A phylogenetic mosaic plastid proteome and unusual plastid-targeting signals in the green-colored dinoflagellate Lepidodinium chlorophorum

Marianne A Minge  1 Kamran Shalchian-TabriziOle K TørresenKiyotaka TakishitaIan ProbertYuji InagakiDag KlavenessKjetill S Jakobsen
Affiliations

A phylogenetic mosaic plastid proteome and unusual plastid-targeting signals in the green-colored dinoflagellate Lepidodinium chlorophorum

Marianne A Minge et al. BMC Evol Biol. .

Abstract

Background: Plastid replacements through secondary endosymbioses include massive transfer of genes from the endosymbiont to the host nucleus and require a new targeting system to enable transport of the plastid-targeted proteins across 3-4 plastid membranes. The dinoflagellates are the only eukaryotic lineage that has been shown to have undergone several plastid replacement events, and this group is thus highly relevant for studying the processes involved in plastid evolution.
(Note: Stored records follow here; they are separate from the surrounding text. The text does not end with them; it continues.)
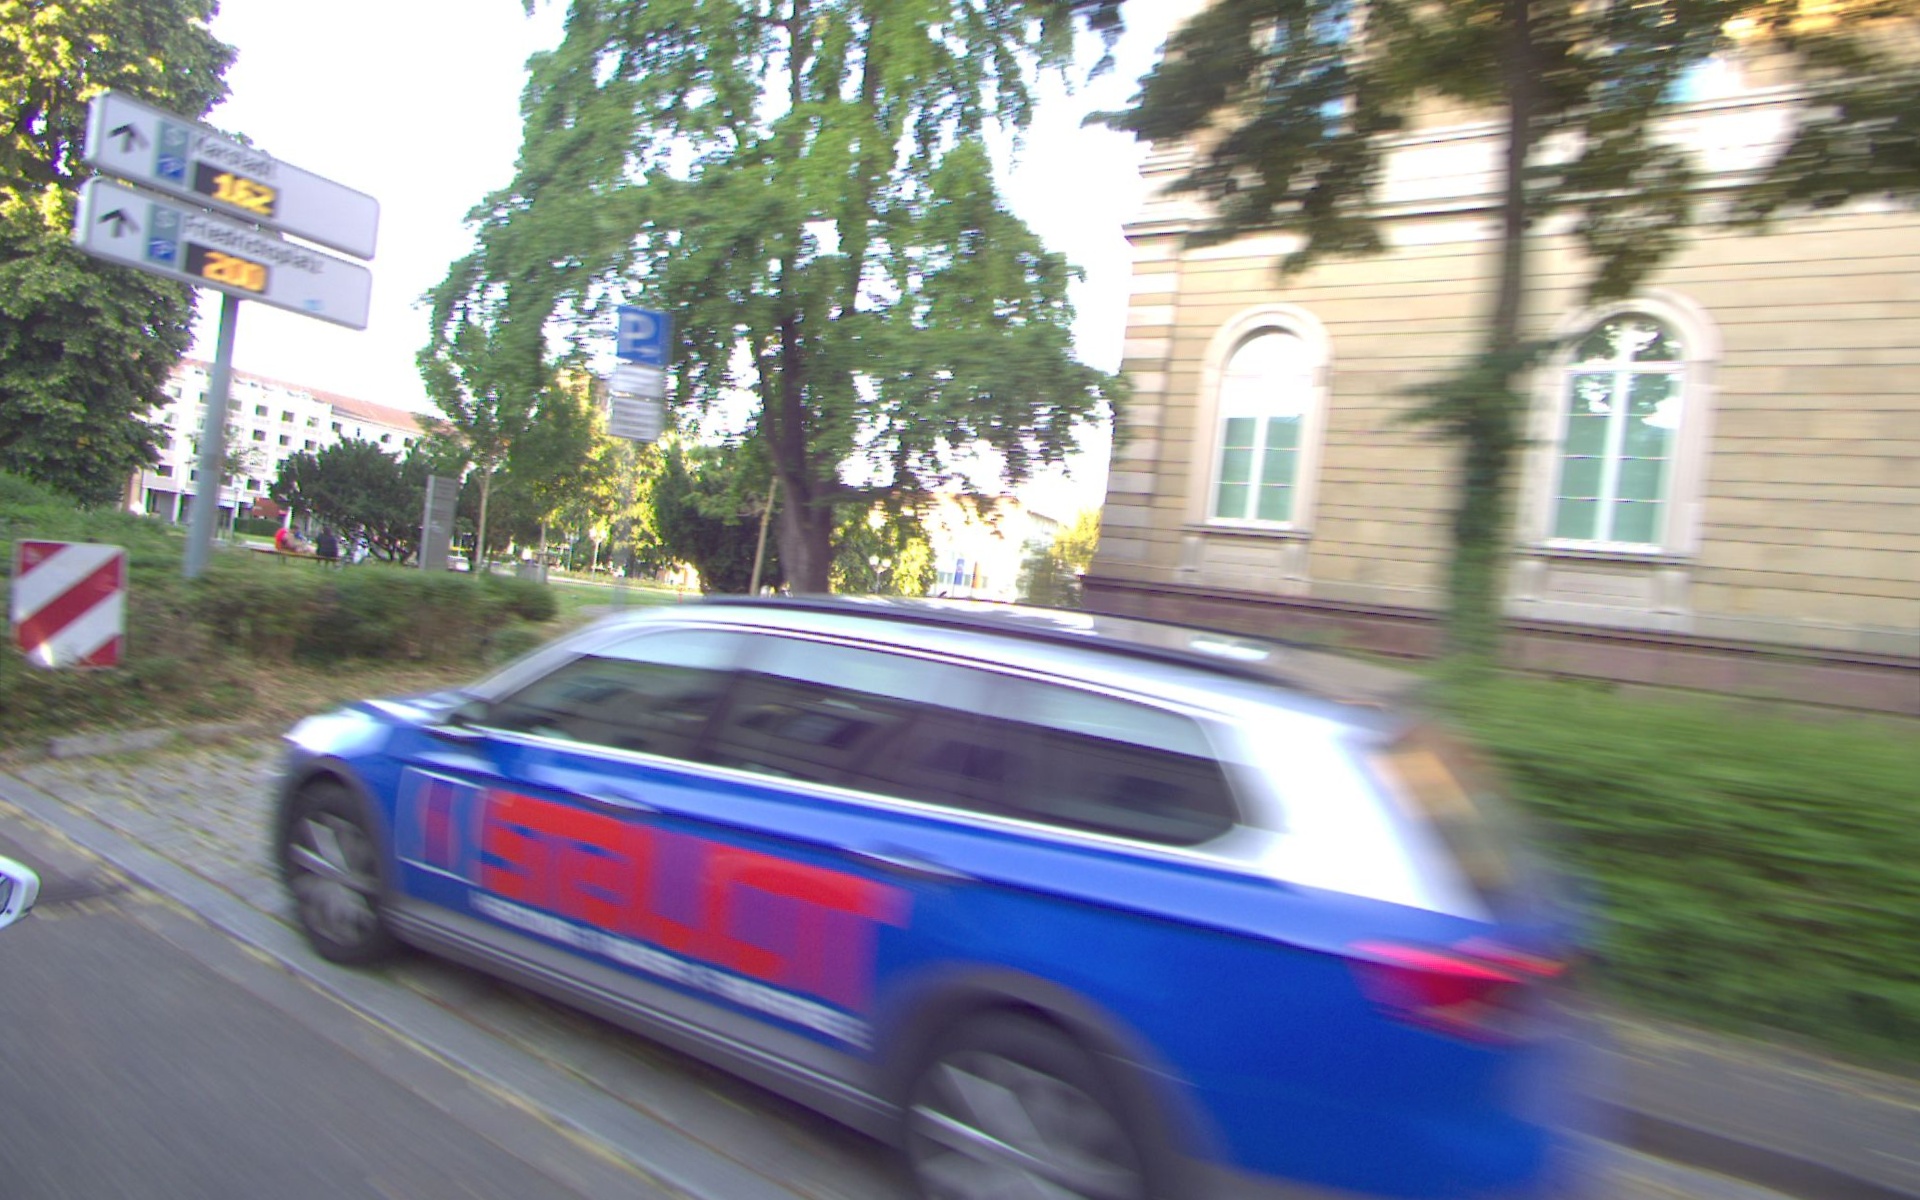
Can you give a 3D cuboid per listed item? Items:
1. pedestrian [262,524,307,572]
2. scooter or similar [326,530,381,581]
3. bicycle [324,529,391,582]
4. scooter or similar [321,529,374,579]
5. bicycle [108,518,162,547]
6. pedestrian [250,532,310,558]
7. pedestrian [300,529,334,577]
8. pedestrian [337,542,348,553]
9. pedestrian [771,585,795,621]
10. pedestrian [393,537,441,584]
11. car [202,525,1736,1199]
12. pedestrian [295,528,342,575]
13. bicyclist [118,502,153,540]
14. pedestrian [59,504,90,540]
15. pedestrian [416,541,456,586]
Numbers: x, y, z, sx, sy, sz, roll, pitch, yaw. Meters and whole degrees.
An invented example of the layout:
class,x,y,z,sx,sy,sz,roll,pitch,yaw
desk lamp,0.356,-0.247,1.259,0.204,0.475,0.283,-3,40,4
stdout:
class,x,y,z,sx,sy,sz,roll,pitch,yaw
pedestrian,-18.671,-1.428,27.800,0.735,1.206,0.722,7,1,34
scooter or similar,-16.591,-1.206,27.537,0.410,1.261,1.220,7,0,18
bicycle,-17.626,-1.310,29.427,1.983,1.316,0.620,7,1,27
scooter or similar,-17.026,-1.258,27.986,0.410,1.261,1.221,6,0,15
bicycle,-40.594,-3.303,49.512,0.585,1.135,1.933,7,-1,22
pedestrian,-18.242,-1.475,26.998,1.351,0.557,0.541,6,3,12
pedestrian,-17.430,-1.276,27.279,0.657,1.206,0.789,6,1,-31
pedestrian,-56.475,-4.826,91.952,0.609,0.936,0.512,6,1,6
pedestrian,-9.138,0.147,51.949,0.745,1.769,0.772,7,1,28
pedestrian,-17.495,-1.255,32.425,0.868,1.364,0.920,7,0,16
car,-0.450,0.703,3.412,4.532,1.509,1.724,7,3,30
pedestrian,-18.059,-1.358,28.323,0.777,1.206,0.807,7,0,34
bicyclist,-40.553,-3.882,49.495,0.585,1.653,1.064,7,0,22
pedestrian,-36.282,-3.183,41.235,0.804,1.358,0.598,7,0,26
pedestrian,-17.335,-1.191,33.288,0.773,1.364,0.761,6,1,15
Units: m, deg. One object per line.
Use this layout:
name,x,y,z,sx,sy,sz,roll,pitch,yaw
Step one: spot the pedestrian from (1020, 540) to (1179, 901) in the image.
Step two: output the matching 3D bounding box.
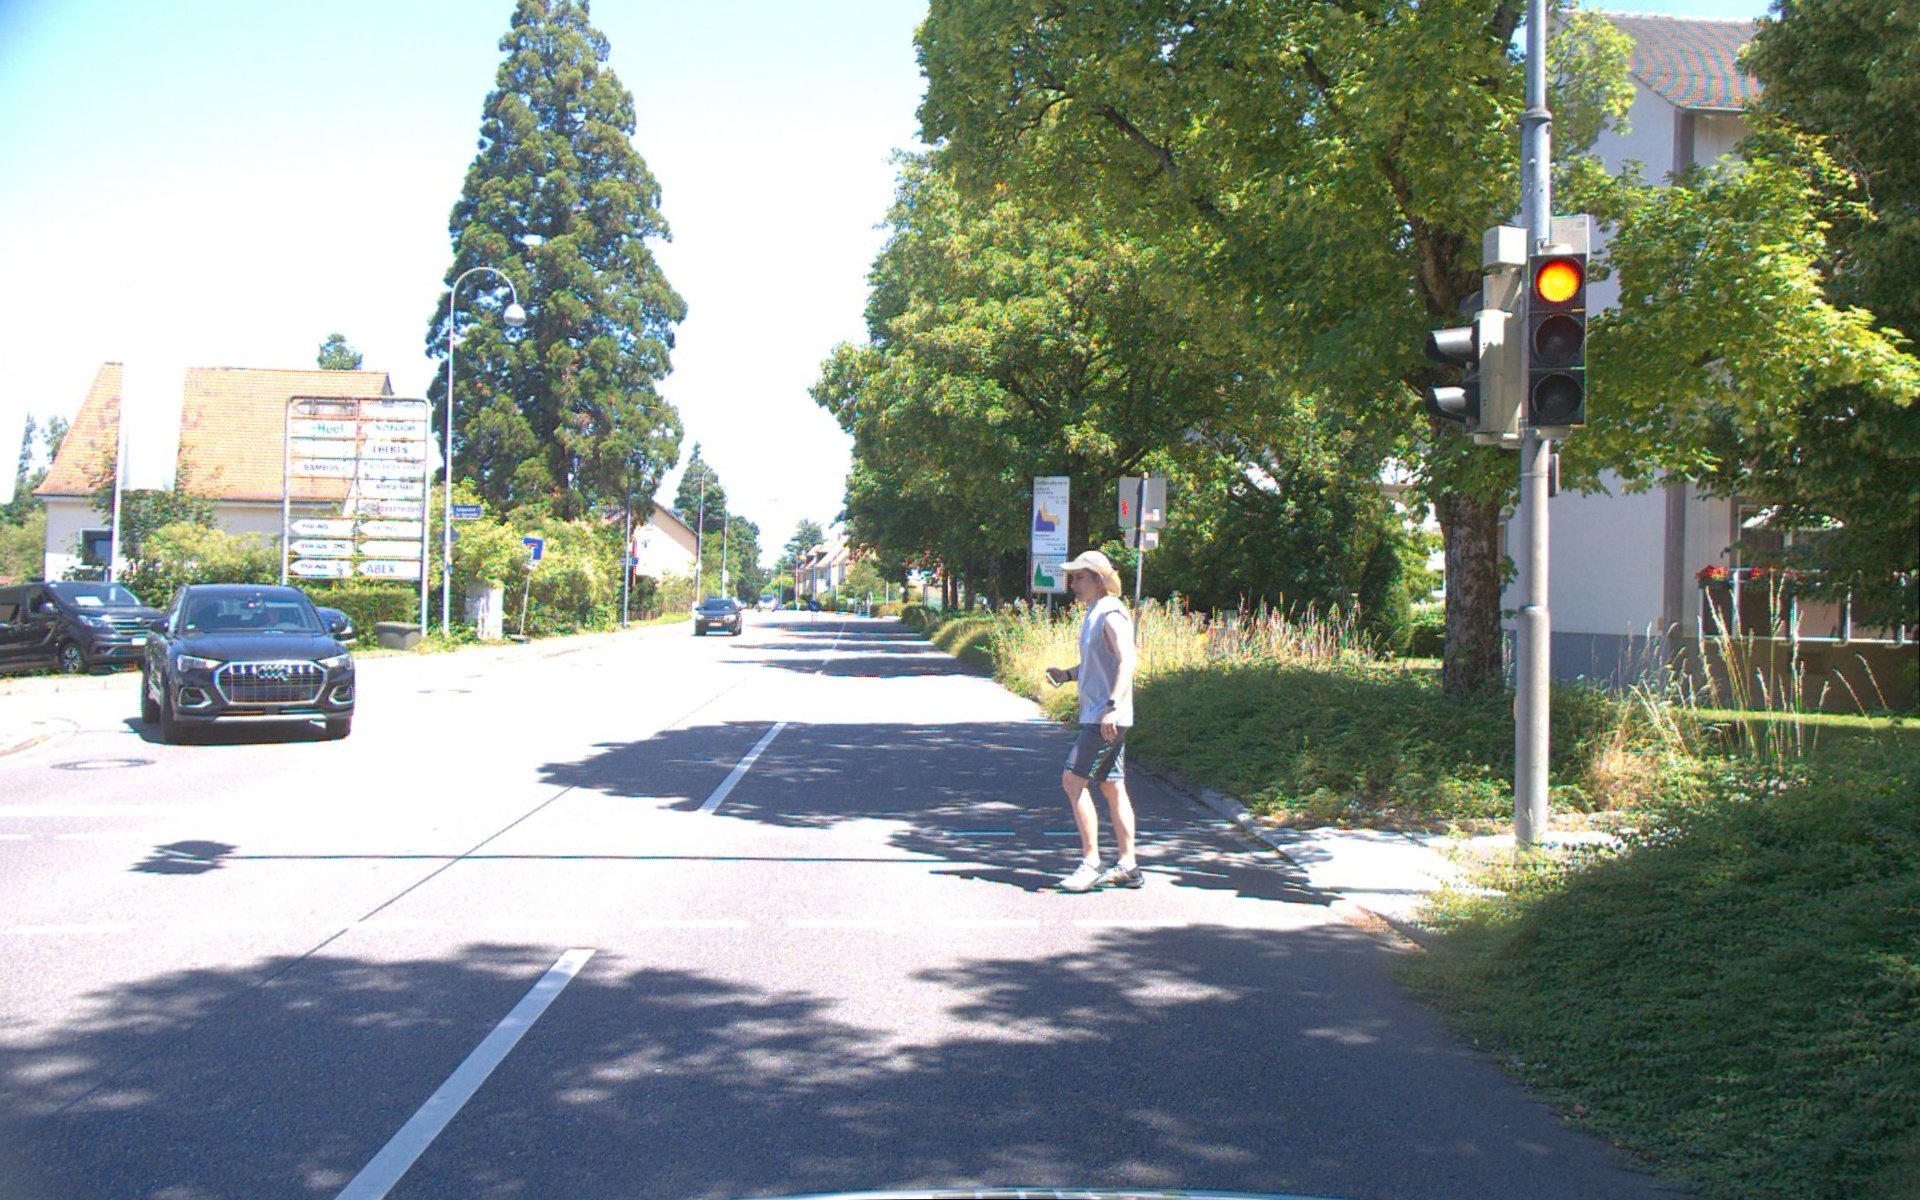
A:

In this study, we analyzed the phylogenetic origin and N-terminal extensions of plastid-targeted proteins from Lepidodinium chlorophorum, a member of the only dinoflagellate genus that harbors a green secondary plastid rather than the red algal-derived, peridinin-containing plastid usually found in photosynthetic dinoflagellates.

Results: We sequenced 4,746 randomly picked clones from a L. chlorophorum cDNA library. 22 of the assembled genes were identified as genes encoding proteins functioning in plastids. Some of these were of green algal origin. This confirms that genes have been transferred from the plastid to the host nucleus of L. chlorophorum and indicates that the plastid is fully integrated as an organelle in the host. Other nuclear-encoded plastid-targeted protein genes, however, are clearly not of green algal origin, but have been derived from a number of different algal groups, including dinoflagellates, streptophytes, heterokonts, and red algae. The characteristics of N-terminal plastid-targeting peptides of all of these genes are substantially different from those found in peridinin-containing dinoflagellates and green algae.

Conclusions: L. chlorophorum expresses plastid-targeted proteins with a range of different origins, which probably arose through endosymbiotic gene transfer (EGT) and horizontal gene transfer (HGT). The N-terminal extension of the genes is different from the extensions found in green alga and other dinoflagellates (peridinin- and haptophyte plastids). These modifications have likely enabled the mosaic proteome of L. chlorophorum.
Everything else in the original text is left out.